Micanaldo Ernesto Francisco1,2,3, Thaddeus M Carvajal1,4, Kozo Watanabe1
1Center for Marine Environmental Studies (CMES), Ehime University, Matsuyama, Japan.
Plos Neglected Tropical Diseases
|October 21, 2024
Summary
Machine learning models for spatiotemporal dengue forecasting are hindered by zero-inflated data.

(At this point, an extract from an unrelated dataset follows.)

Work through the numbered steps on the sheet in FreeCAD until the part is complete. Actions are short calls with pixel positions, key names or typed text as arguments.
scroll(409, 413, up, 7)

A novel hybrid approach combining qualitative and quantitative predictions improves accuracy for rare dengue events.
Area of Science:
- Epidemiology
- Machine Learning
- Public Health
Background:
- Spatiotemporal dengue forecasting using machine learning (ML) aids in developing outbreak prevention strategies.

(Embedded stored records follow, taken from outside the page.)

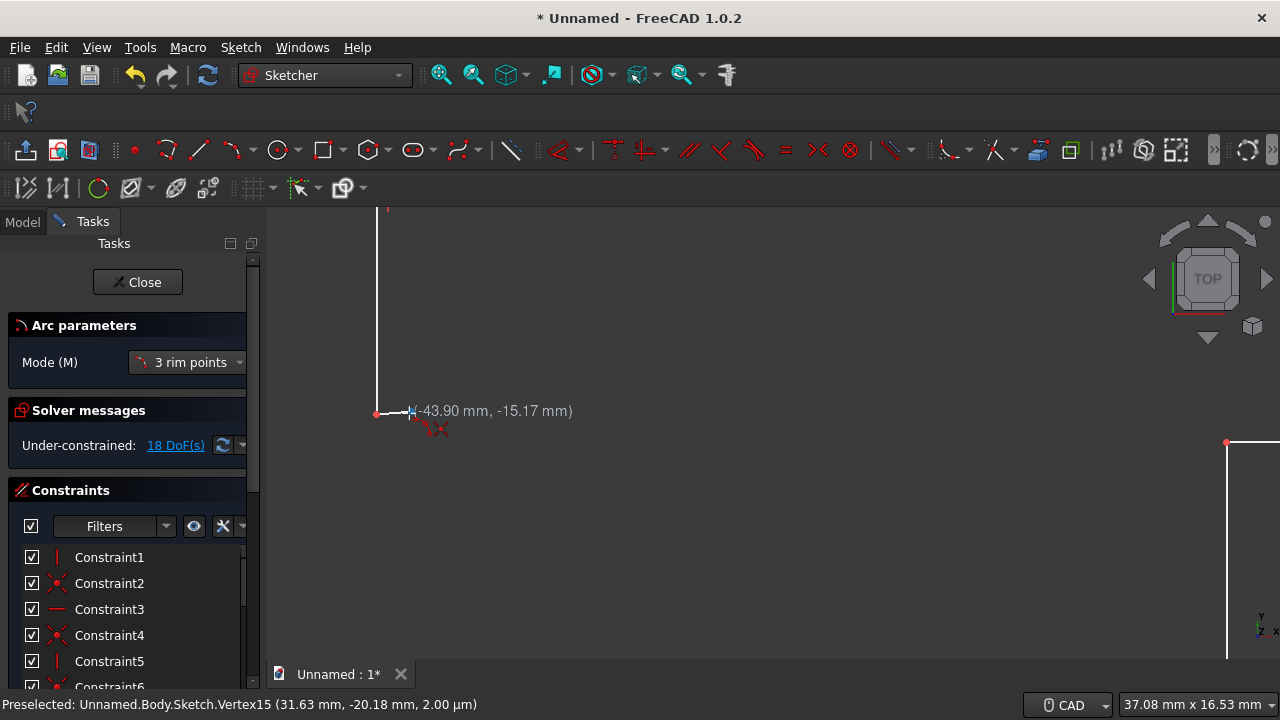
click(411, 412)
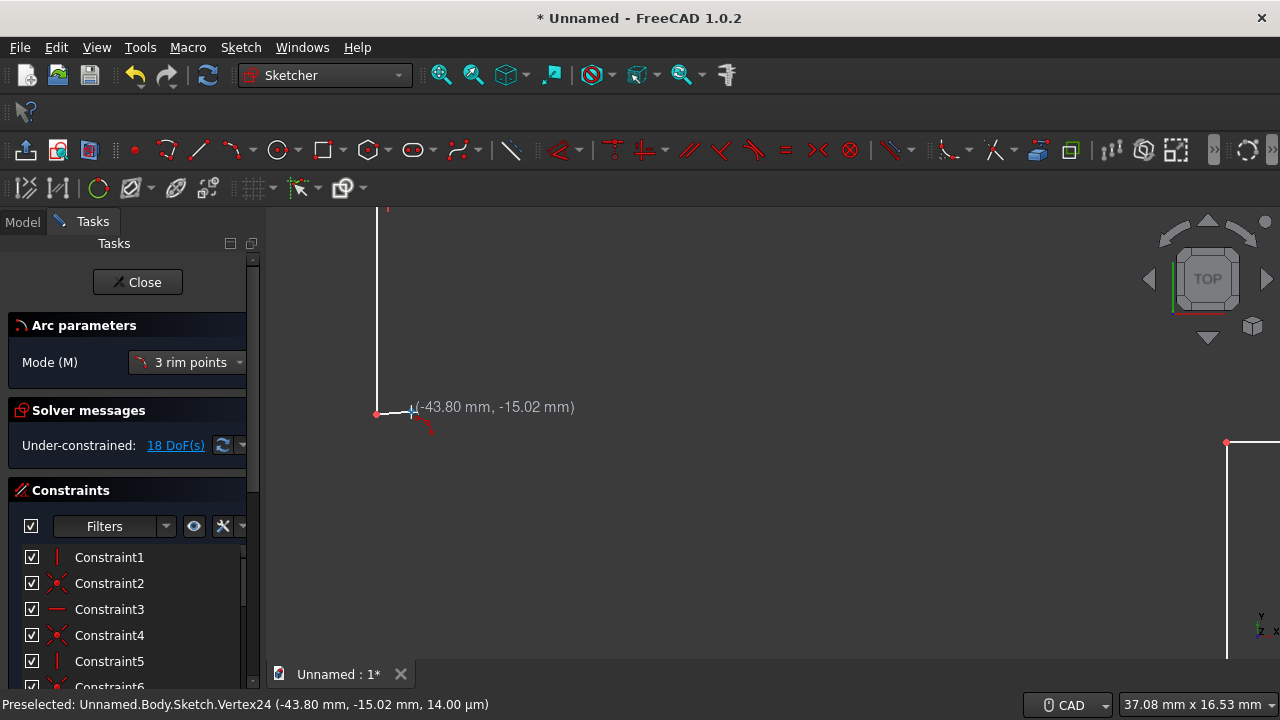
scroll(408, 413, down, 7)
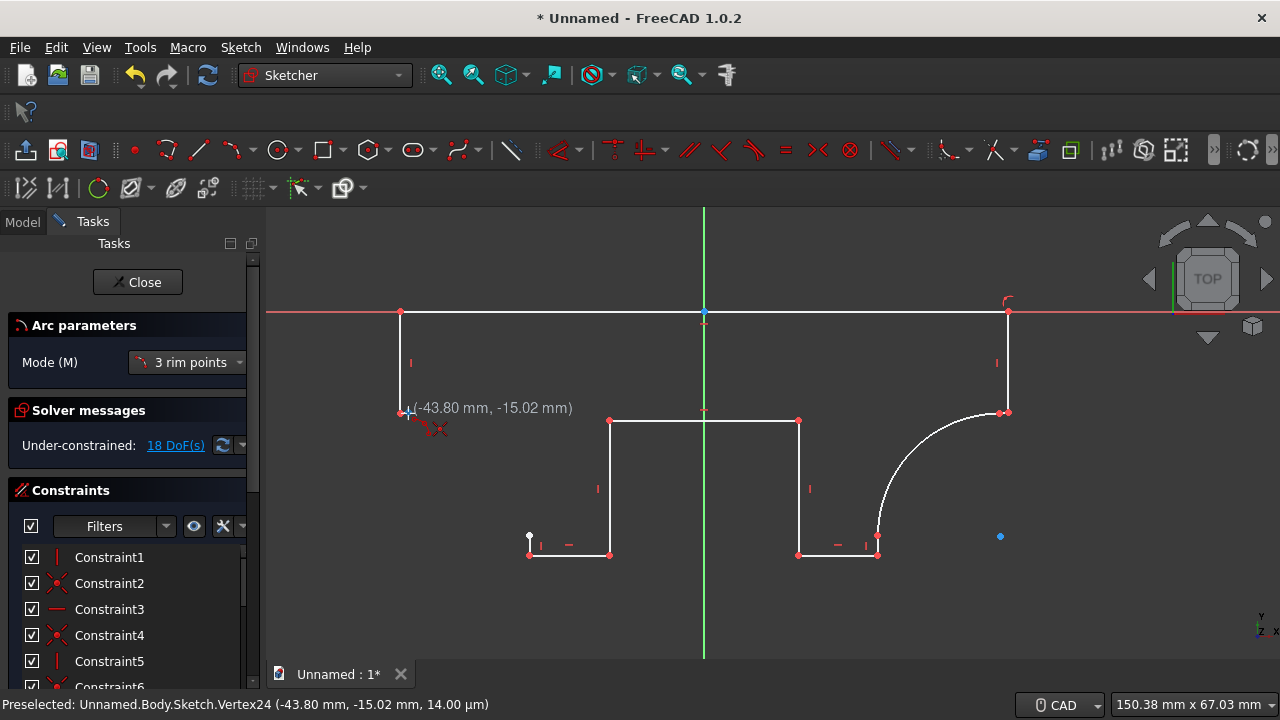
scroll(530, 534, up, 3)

- Zero-inflated data in dengue incidence lowers prediction accuracy, posing a challenge for ML models.
- Understanding the impact of data resolution on prediction accuracy is crucial.
Purpose of the Study:
- To investigate how spatiotemporal data resolutions influence dengue incidence prediction accuracy using ML models.

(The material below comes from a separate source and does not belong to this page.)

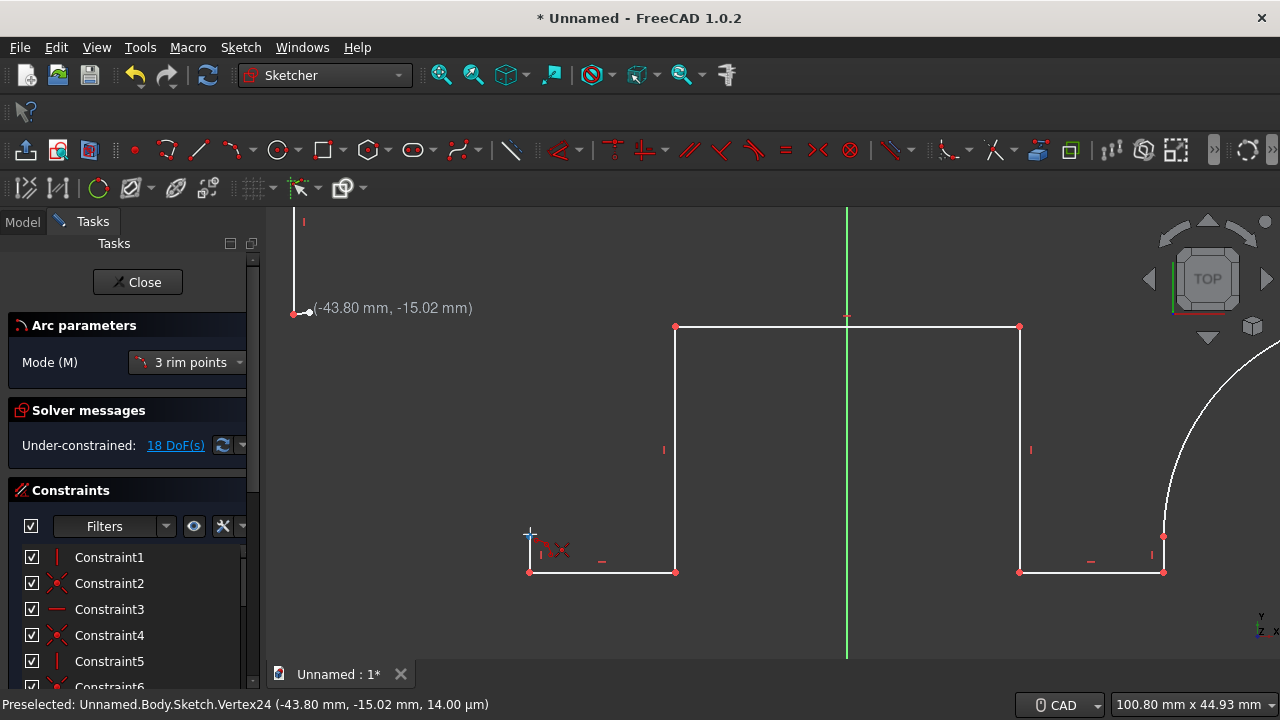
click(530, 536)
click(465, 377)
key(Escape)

- To compare the effects of spatiotemporal resolution on quantitative versus qualitative dengue predictions.
- To enhance the accuracy of dengue incidence prediction with zero-inflated data.
Main Methods:
- Compared prediction accuracy across six spatiotemporal resolutions using six ML algorithms.
- Employed data from 2009-2012 for training and 2013 for validation.
- Developed a hybrid approach for quantitative prediction, conditional on qualitative model output for zero-inflated data.
Main Results:
- Higher resolution data exhibited zero-inflation, hindering quantitative ML pattern extraction.
- Qualitative (binary) models mitigated data distribution effects.
- The hybrid approach showed high potential for predicting zero-inflated or rare phenomena like dengue.
Conclusions:
- Spatiotemporal resolution significantly impacts ML-based dengue forecasting accuracy.
- A novel hybrid qualitative-quantitative approach effectively addresses zero-inflated data challenges.
- This method offers an alternative for enhancing dengue prediction accuracy where traditional models fail.